Юрий АРАБОВ, сценарист: ВЛАСТЬ, ПОСТРОЕННАЯ НА НАСИЛИИ, ОБРЕЧЕНА
Фильм Андрея Прошкина «Орда» уже признают главным претендентом на «Золотого Георгия» 34-го Московского кинофестиваля. Пресс-конференция, посвященная картине, прошла на повышенных тонах: ленту называли и «богомерзкой», и «антирусской». Как оказалось, сценарист фильма Юрий Арабов к такому приему был готов.
— Как Русская православная церковь отнеслась к картине? Их не смутил ваш неканонический подход к теме? Все-таки у вас святитель Алексий — это не победитель, который приезжает в Орду на коне и с ходу исцеляет ханшу Тайдуллу.
— Это надо спрашивать у Патриархии. Когда патриарх смотрел, он как раз на это и обратил внимание. Мне так сказали. Но, к чести сказать, это не стало заслоном для фильма. Сейчас Патриархия для интеллигенции — эдакое вместилище зла, дополнение к известным социальным институтам. Это не совсем так.
Конечно, ситуация сложная: государство подарило Церкви за последнее десятилетие очень много собственности. Все эти возрожденные монастыри — это же начиналось с государства, и только потом Церковь на свои деньги возрождала. И, конечно, Церковь пытается сейчас позитивно воздействовать на социальные процессы, которые идут не всегда удачно. Может быть, взаимоотношения с государством у Церкви сейчас слишком тесные. Тем не менее — даже если говорить о таких злободневных вещах, как ситуация с Pussy Riot, все понимают, что душегубством нельзя отвечать на хулиганство. Терпимое и благосклонное отношение Патриархии к нашей картине говорит о том, что зло не нужно искать там. Все достаточно сложно, и мы никогда не угадаем, откуда придет добро и откуда — зло.
— В картине существуют два мира — мир Алексия и мир Орды.
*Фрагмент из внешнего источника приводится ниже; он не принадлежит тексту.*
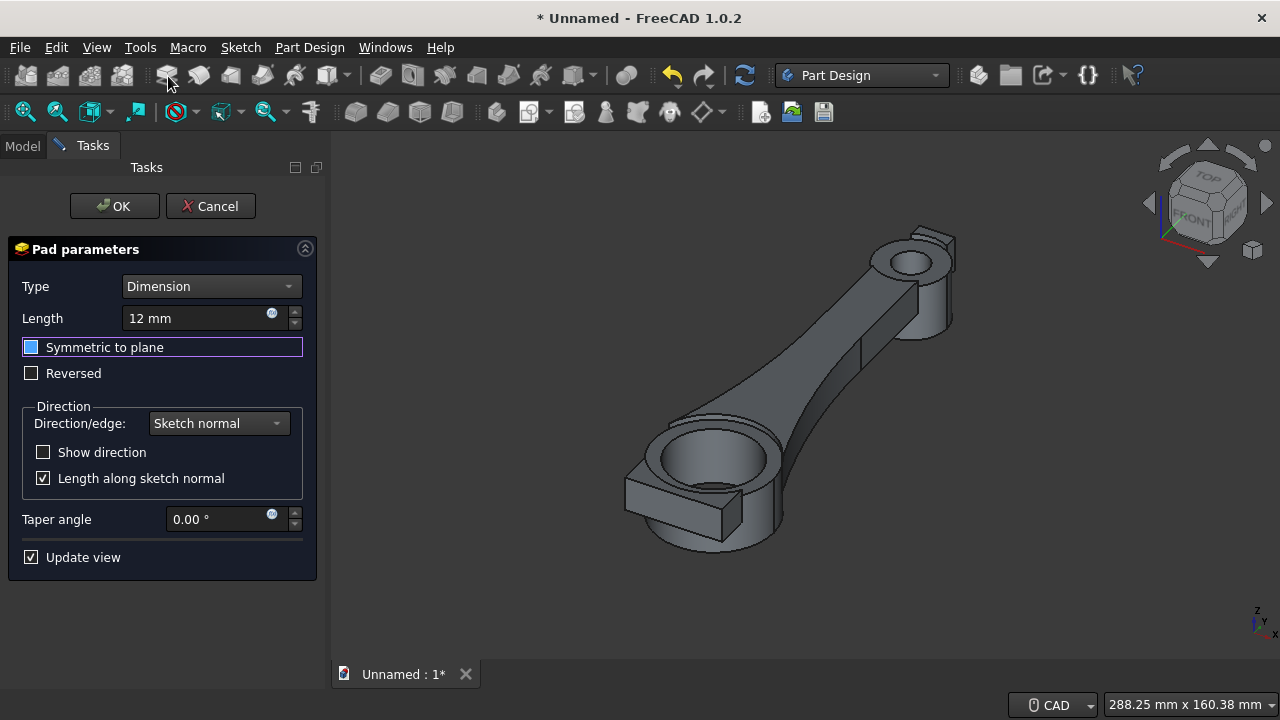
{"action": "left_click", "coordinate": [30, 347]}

— Мы делали Орду как языческий мир, и этот языческий мир в каждом из нас занимает огромное место. Мы делали столкновение этого мира с конфессиональным христианством в восточной своей версии. А что в результате? Уничтожения друг друга не происходит. В одной и той же структуре, в одном и том же народе, даже в одной и той же личности сосуществуют все эти планы. В результате внутри нас возникает очень противоречивая конгломерация. В каждом из нас существуют огромные пласты языческой культуры, культуры многобожия, античной культуры — наверное, высшей точки развития языческой культуры. И все мы вот такие.
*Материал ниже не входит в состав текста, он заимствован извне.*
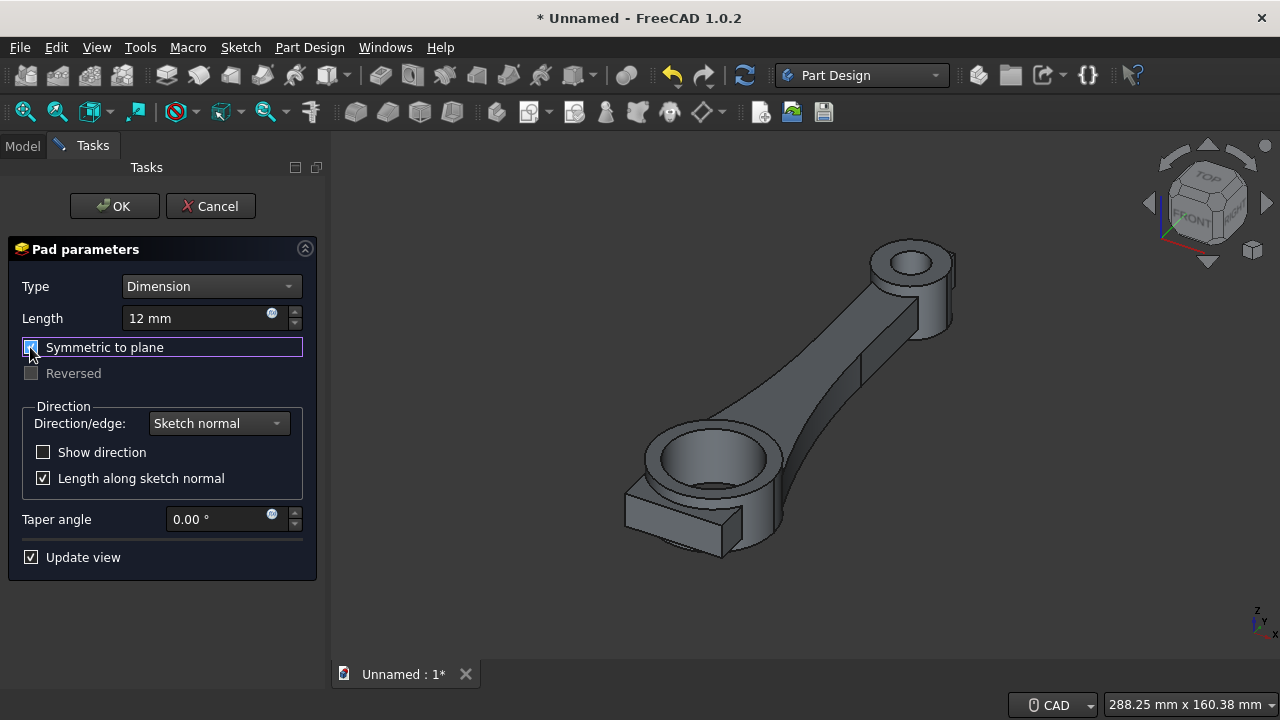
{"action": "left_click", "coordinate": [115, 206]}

— В финале картины, где рассказывается о том, что Русь поглотила Орду, я прочел послание.
— Власть — это азиатчина. Не в географическом смысле, а в смысле методов. И подобные методы борьбы имеют тенденции к самоуничтожению. Не знаю, может быть это завиральная идея, но добро что-то производит, что-то дает людям. Зло — ничего. И мы говорили о том, что власть, построенная на этих принципах борьбы, насилия, взяточничества, обречена. Но у нас картина сказочно-мифологическая, здесь Алексий путем своей жертвы смог разрешить конфликт и сам уцелел. В жизни чаще всего бывает наоборот: человек, который приносит жертву, погибает.
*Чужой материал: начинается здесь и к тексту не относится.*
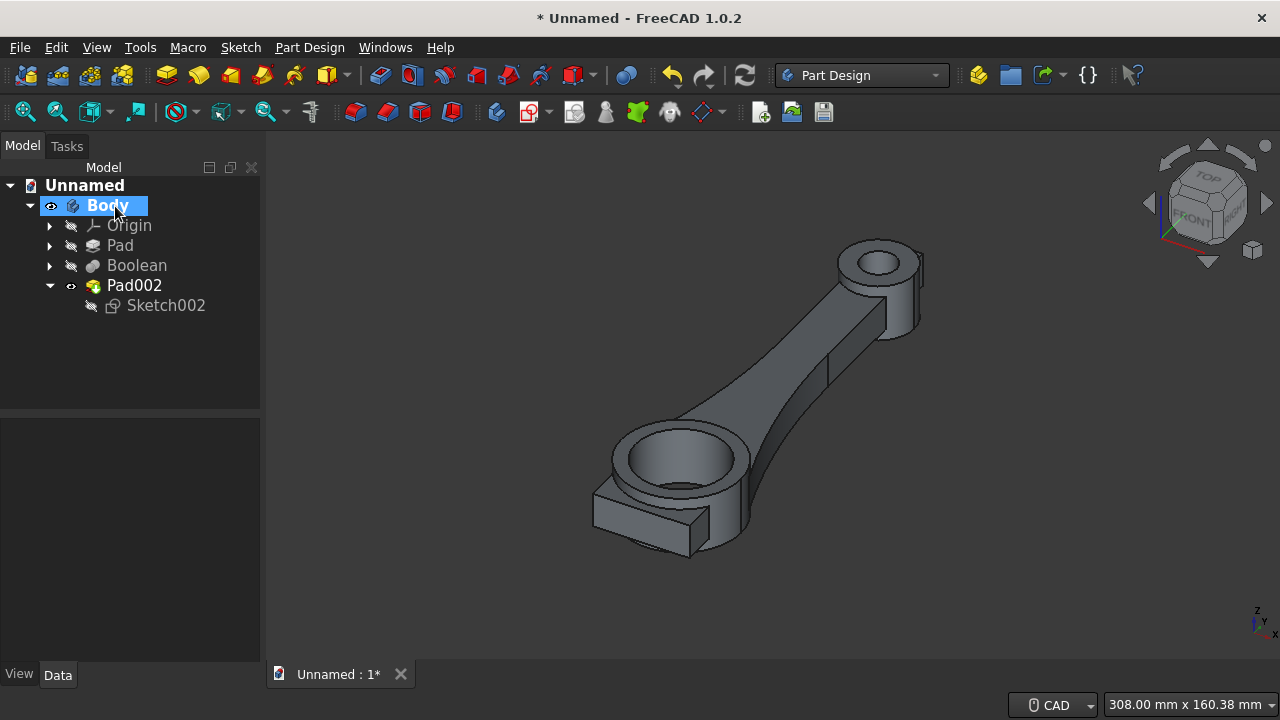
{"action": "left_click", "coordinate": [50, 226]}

— Вы не опасаетесь, что когда вы говорите об азиатчине, вас могут понять превратно?
— Да, это самая большая опасность для картины, таящаяся в самом материале. Я об этом знаю и опасаюсь трактовки в духе: пришли таджики и нагадили в нашем православном храме. Но что делать? Мне предложили такой материал. Если мы делаем гумилевскую трактовку о том, что ордынцы были замечательными, то это совсем не сходится с историческими источниками. У Гумилева есть блистательная и наверняка истинная теория этногенеза, а вот его пассажи о том, что ордынцы не трогали и оберегали православие, не сходятся с летописями. Мы пошли по экстремальному пути художественности. Ее, к сожалению, можно трактовать утилитарно — но как будет, так будет. Мы об этом думали, но избежать этого не смогли. Потому что, избегая, мы сразу лишились бы конфликта.
Мы вообще в фильме слово «татары» не упоминаем, потому что в Орде действительно был монгольский костяк. И хотя последние ханы Орды принимали ислам, большинство князей оставались язычниками. Мы делали столкновение двух менталитетов — языческого и христианского — и их взаимопроникновение. В результате получается нечто третье — то, что мы сегодня видим.
— Что же мы видим?
— Мы видим власть с азиатскими методами и абсолютно европейской внешностью. Они любят Америку, говорят по-английски, играют в теннис, их дети учатся в Оксфорде и Кембридже. Но говорят: мы евразийцы. Ну вот вам пример взаимопроникновения. И что в итоге? Потрясающий коктейль и компот, в котором никто никак не разберется. Но, может быть, это вообще то, к чему мир пришел, может быть, мультикультурализм начинается именно отсюда.